Ms. Arora provided only her vehicle to travel to the facility and her
expertise.
[24] This fact situation raises questions as to
whether facilities and expertise are tools. Starting with facilities, in Hennick
v. Canada
(“Hennick”) the payer, Royal Conservatory of Music, provided
office space and piano studios to its teachers. The Court says at paragraph 8:
“With regard to the second part of the [Wiebe Door] test, the ownership
of tools, the trial judge concluded, rightly in our view, that because the
respondent was conducting her classes most of the time at the intervener’s
premises, her status was more likely to be that of an employee”. This finding
can be contrasted with that in Wolf v.
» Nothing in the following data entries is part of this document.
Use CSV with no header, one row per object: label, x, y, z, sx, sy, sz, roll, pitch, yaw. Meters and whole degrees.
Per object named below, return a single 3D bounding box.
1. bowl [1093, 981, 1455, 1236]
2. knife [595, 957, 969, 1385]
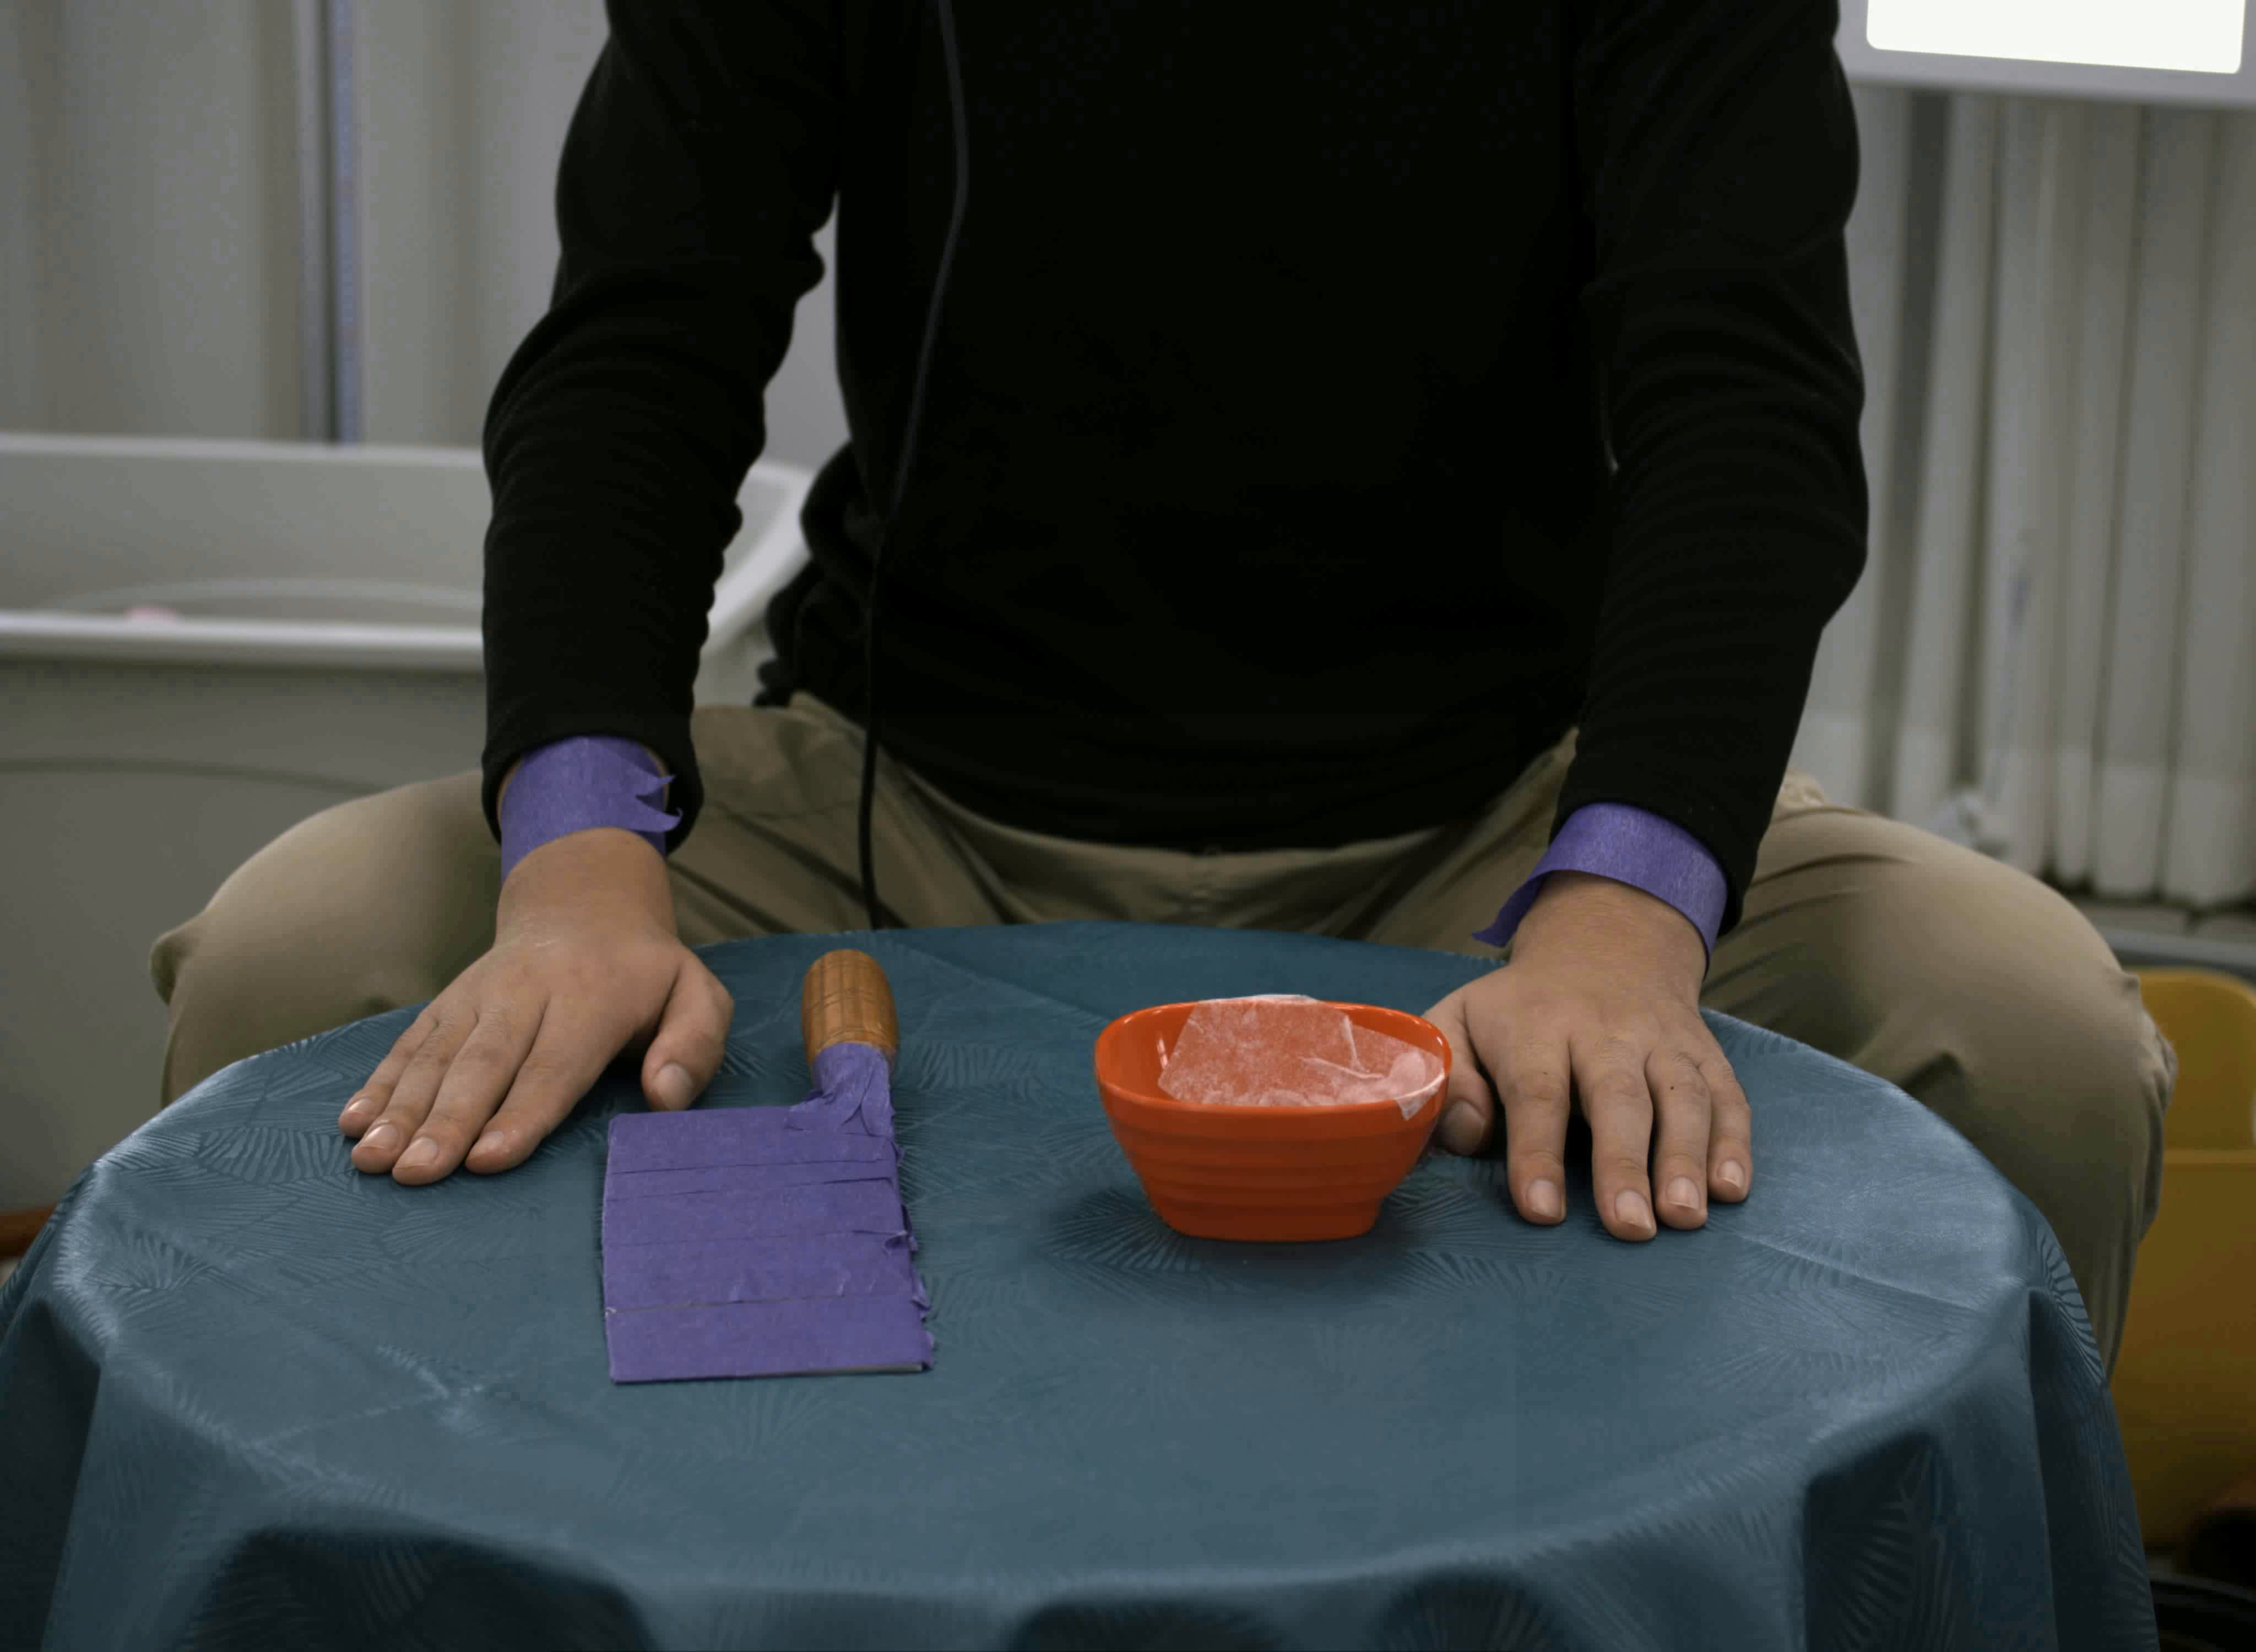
bowl,0.045,0.089,1.603,0.118,0.052,0.118,-1,19,1
knife,-0.111,0.101,1.610,0.104,0.032,0.313,-1,16,-6

Canada (“Wolf”)
where a consulting engineer was required to work on the payer Canadair’s
premises so that he could interface with others there. The Court says at
paragraph 84: “In my view, the tools necessary for the performance of the work
of the appellant constitute a neutral factor. The appellant would have had to
work on the premises of Canadair with Canadair’s computer and archives whether
he was an employee or an independent contractor”. It seems to me that Ms. Arora
was similarly obliged to work at Leisureworld’s Lawrence
Avenue facility, because that is where her patients
were, as well as the computers containing their charts, histories, and dietary
requirements. Her vehicle
was necessary for her to reach the Lawrence Avenue
facility, but is a neutral factor in this fact situation since many employees
equally rely on their cars to reach their job site.
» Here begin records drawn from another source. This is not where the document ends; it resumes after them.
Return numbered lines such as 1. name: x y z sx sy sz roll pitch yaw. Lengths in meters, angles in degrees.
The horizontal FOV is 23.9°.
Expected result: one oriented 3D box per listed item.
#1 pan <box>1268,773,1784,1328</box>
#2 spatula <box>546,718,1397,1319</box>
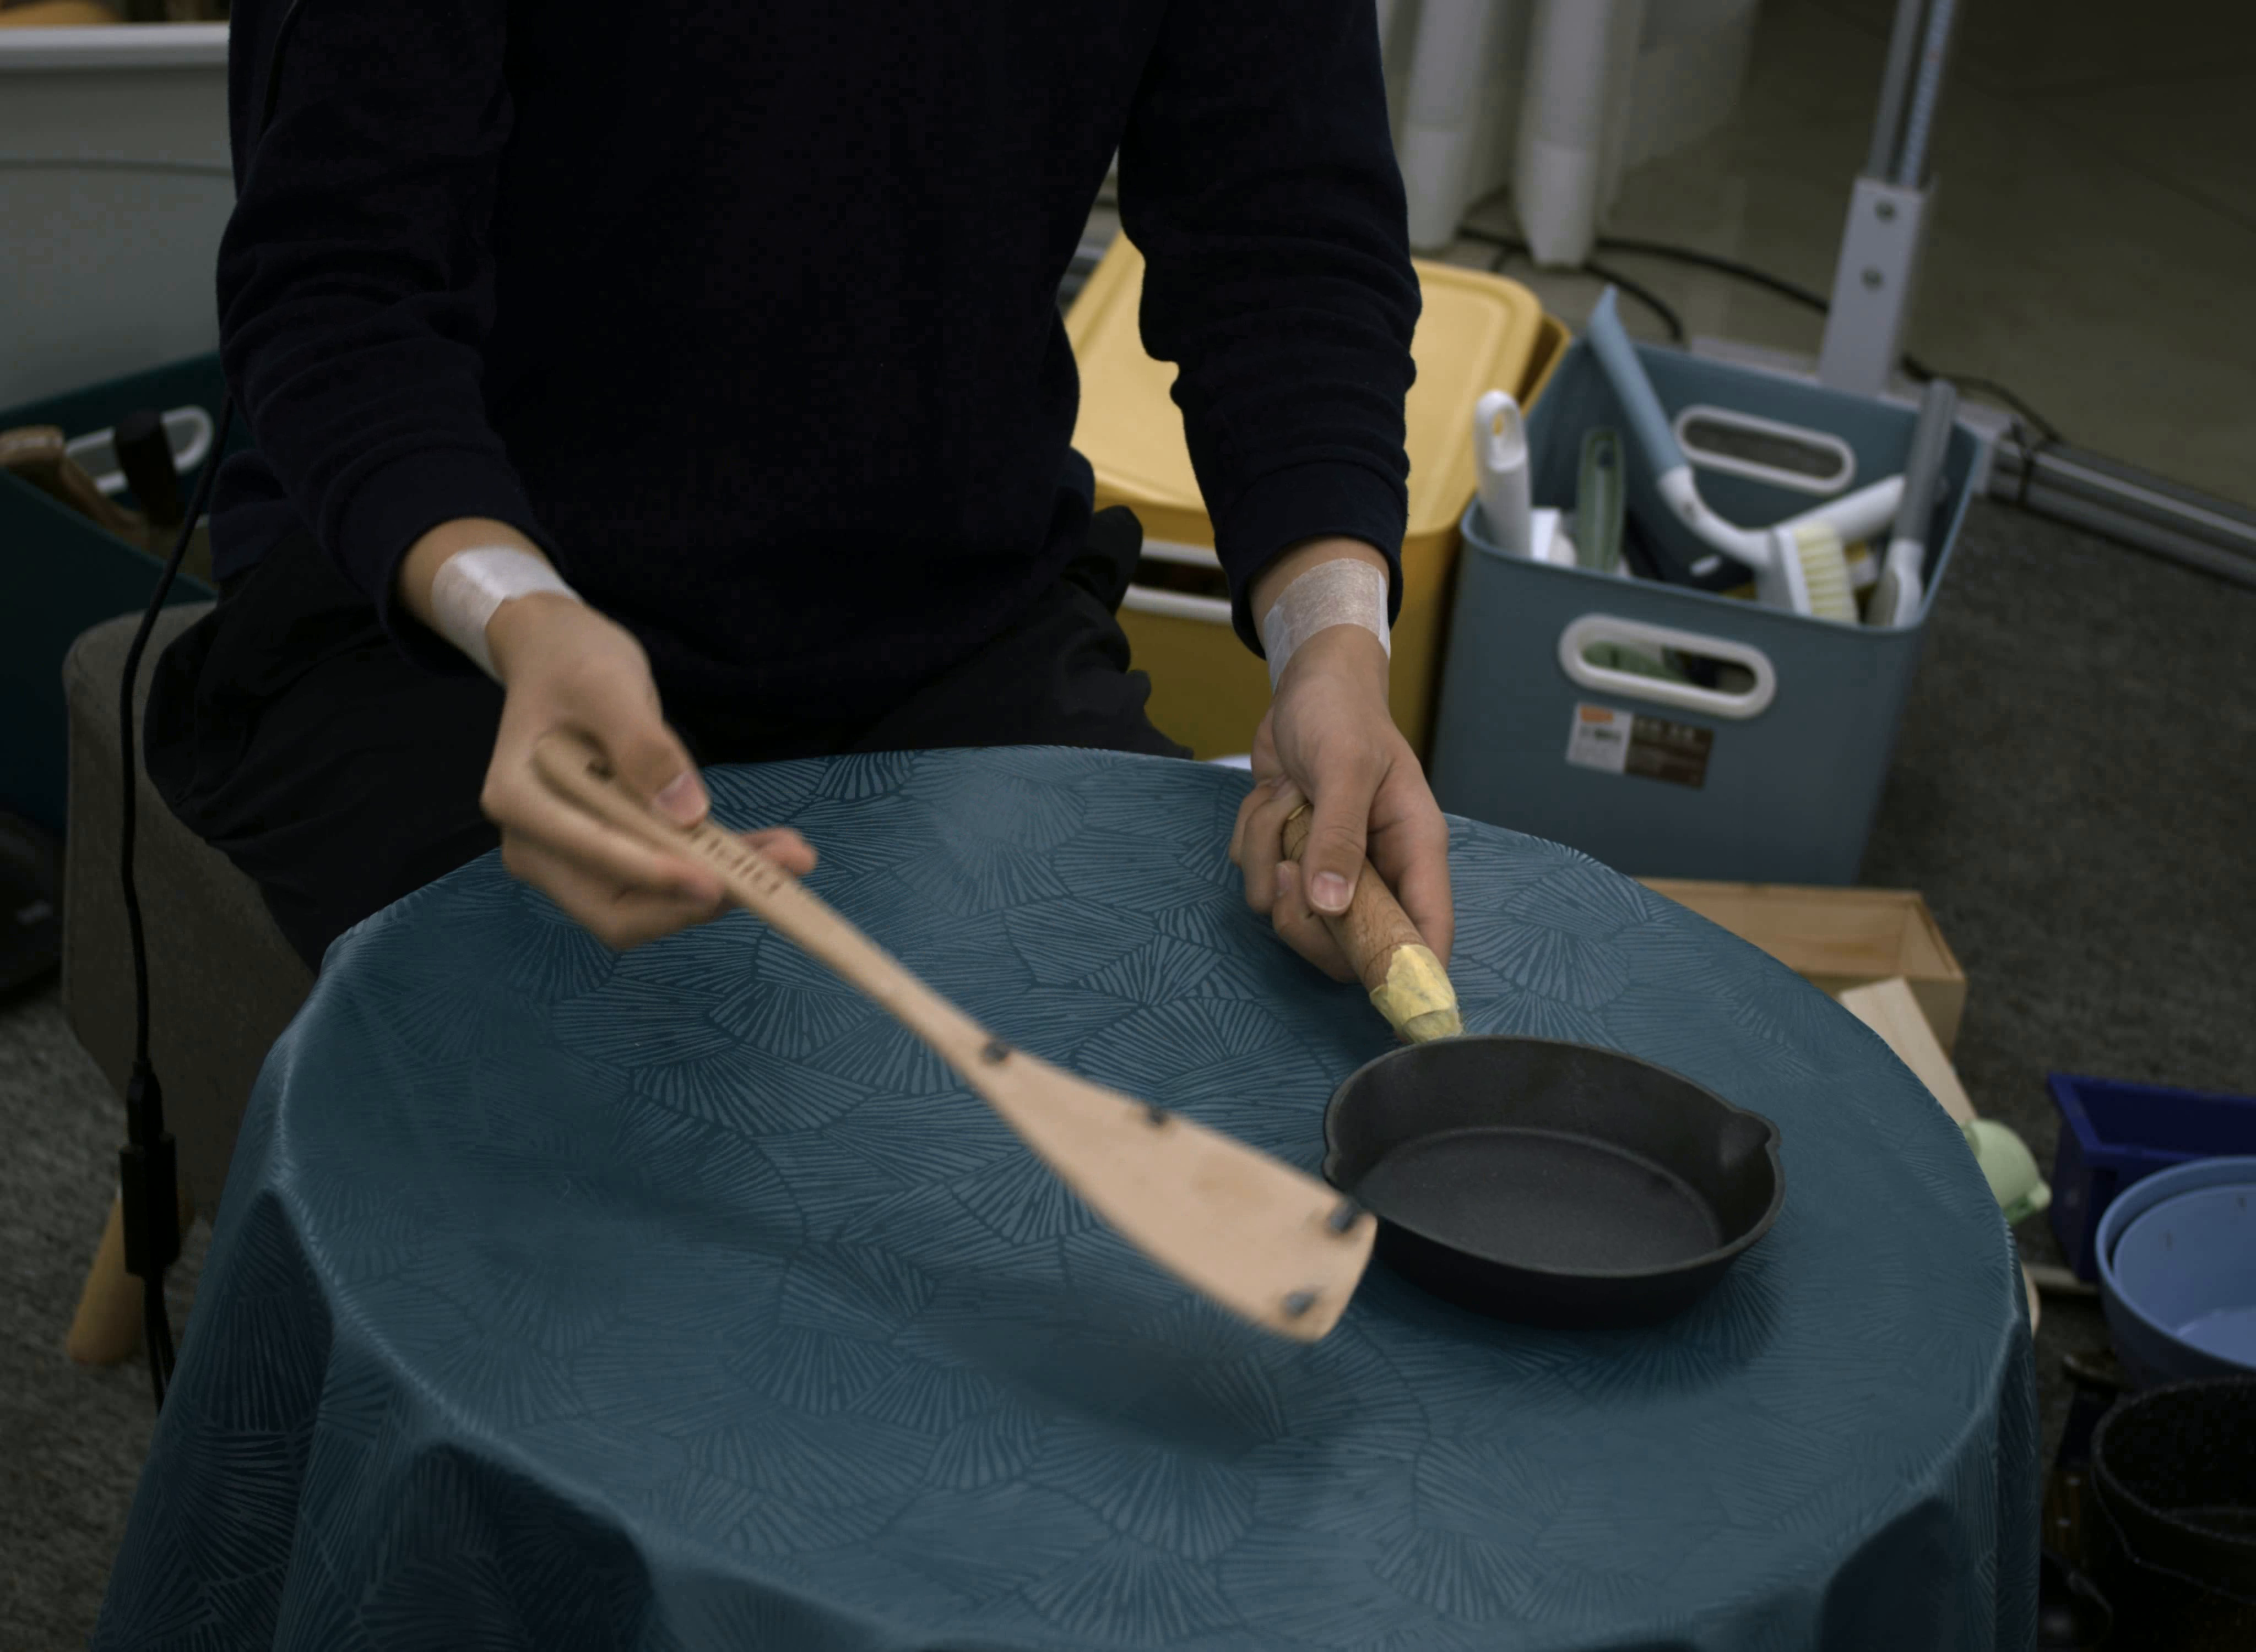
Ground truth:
1. pan: 0.115 0.076 1.866 0.168 0.049 0.327 -4 30 -19
2. spatula: -0.052 0.055 1.705 0.328 0.016 0.080 34 32 10

[25] So far as expertise is concerned, there are
two decisions of the Tax Review Board which hold that professional expertise
can be regarded as a tool. In Latimer v. M.N.R.,
the Umpire says: “…it should be recognized that although they may have more
application in a commercial or industrial situation, to the degree the
appellant’s professional skills could be regarded as ‘tools’, he was in
possession of these;”. In Brandes v. M.N.R.,
dealing with a film director, it was held that: “The appellant’s experience,
his intelligence, and his organizational abilities are his major tools”.
[26] A more modern view is expressed in Wolf,
where, at paragraph 82, the Court says:
This factor relates to who, of the employer
or the worker, owns the assets or equipment that is necessary to perform the
work. Traditionally, if the worker owns or controls the assets and is
responsible for their operation and maintenance, he would likely be considered
an independent contractor. On the other hand, if the employer owns the
equipment, the worker would likely be characterized as an employee.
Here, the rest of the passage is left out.